Many priests, pastors and preachers will follow their resurrection sermons with sermons on doubt. The story of Thomas forever known as the doubter because he wanted to be sure, to see for himself that the impossible was possible, is the next story in the designated lessons for churches that follow the lectionary.
While I am not preaching Thomas this year, I find myself reflecting on him. More, what he represents. The world in which Christ is risen looks a lot like the world in which Christ was executed. With very few exceptions. A few women saw conflicting and perhaps unconvincing evidence (on its own). God sent beings of power and light to proclaim the resurrection, interpret and exegete the evidence of the empty tomb, because there was room for doubt. We who believe, must believe them who we have never seen.

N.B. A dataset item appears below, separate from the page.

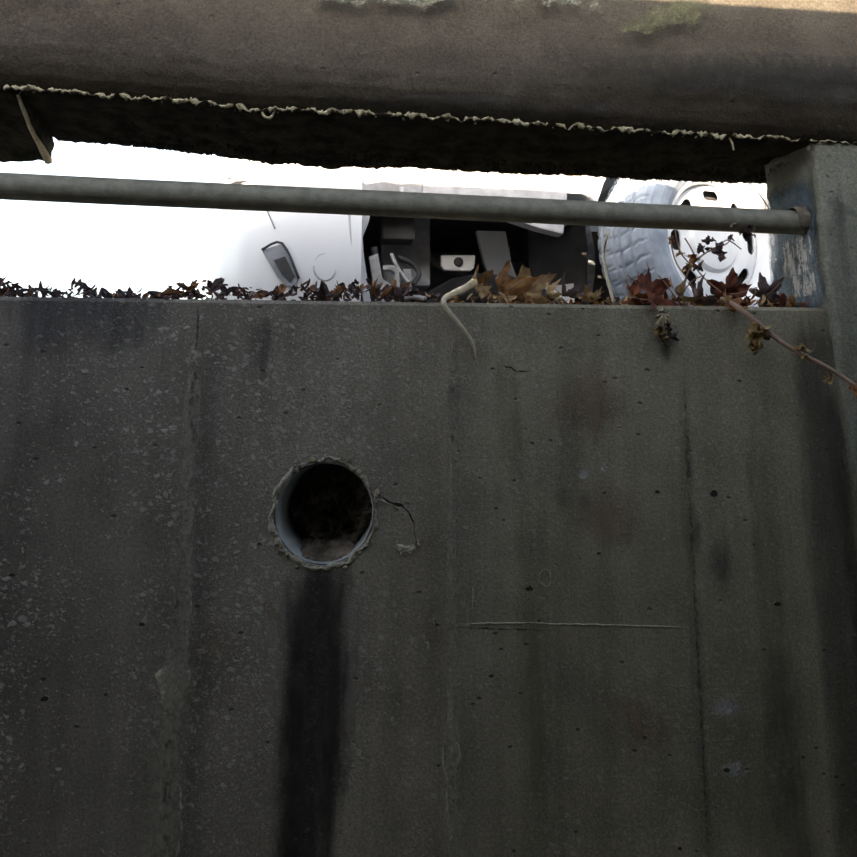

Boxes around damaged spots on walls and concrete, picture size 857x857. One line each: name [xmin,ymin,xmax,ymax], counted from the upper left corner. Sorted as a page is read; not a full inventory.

crack [376,494,417,542]
water stain [277,571,350,857]

And we have learned to look for signs of resurrection in the world, like signs of spring in the midst of winter. And for too many, it is still winter. Those who were hungry before Easter are hungry still. Those who were lonely before Easter are lonely still. Those who were homeless before Easter are homeless still. Those who were broken before Easter are broken still. Some, perhaps not all.
We who say we have seen the signs of resurrection and believe live in a crucified and crucifying world. I don't blame Thomas for asking for proof. I want more than proof. I want to see the resurrection of the whole world. I want to see the power of Pentecost transform church and society. I want to see the reign of God in our midst, with liberty and justice for all. I'm waiting for the world to change. Call me Thomasina.

1 comment:

  1. While you have said it all much more beautifully than I have (or ever will), I'm thinking some similar thoughts, and going, I think another step further. If the Thomases and Thomasinas of the world are asking these questions, looking for proof, than the Body of Christ needs to step up to the plate and get to the business of providing it - - working for the reign of God in our midst, working on signs of resurrection, justice, and mercy, so the Thomases and Thomasinas will have something to point to and say, "Ah, yes! I believe. He is risen indeed."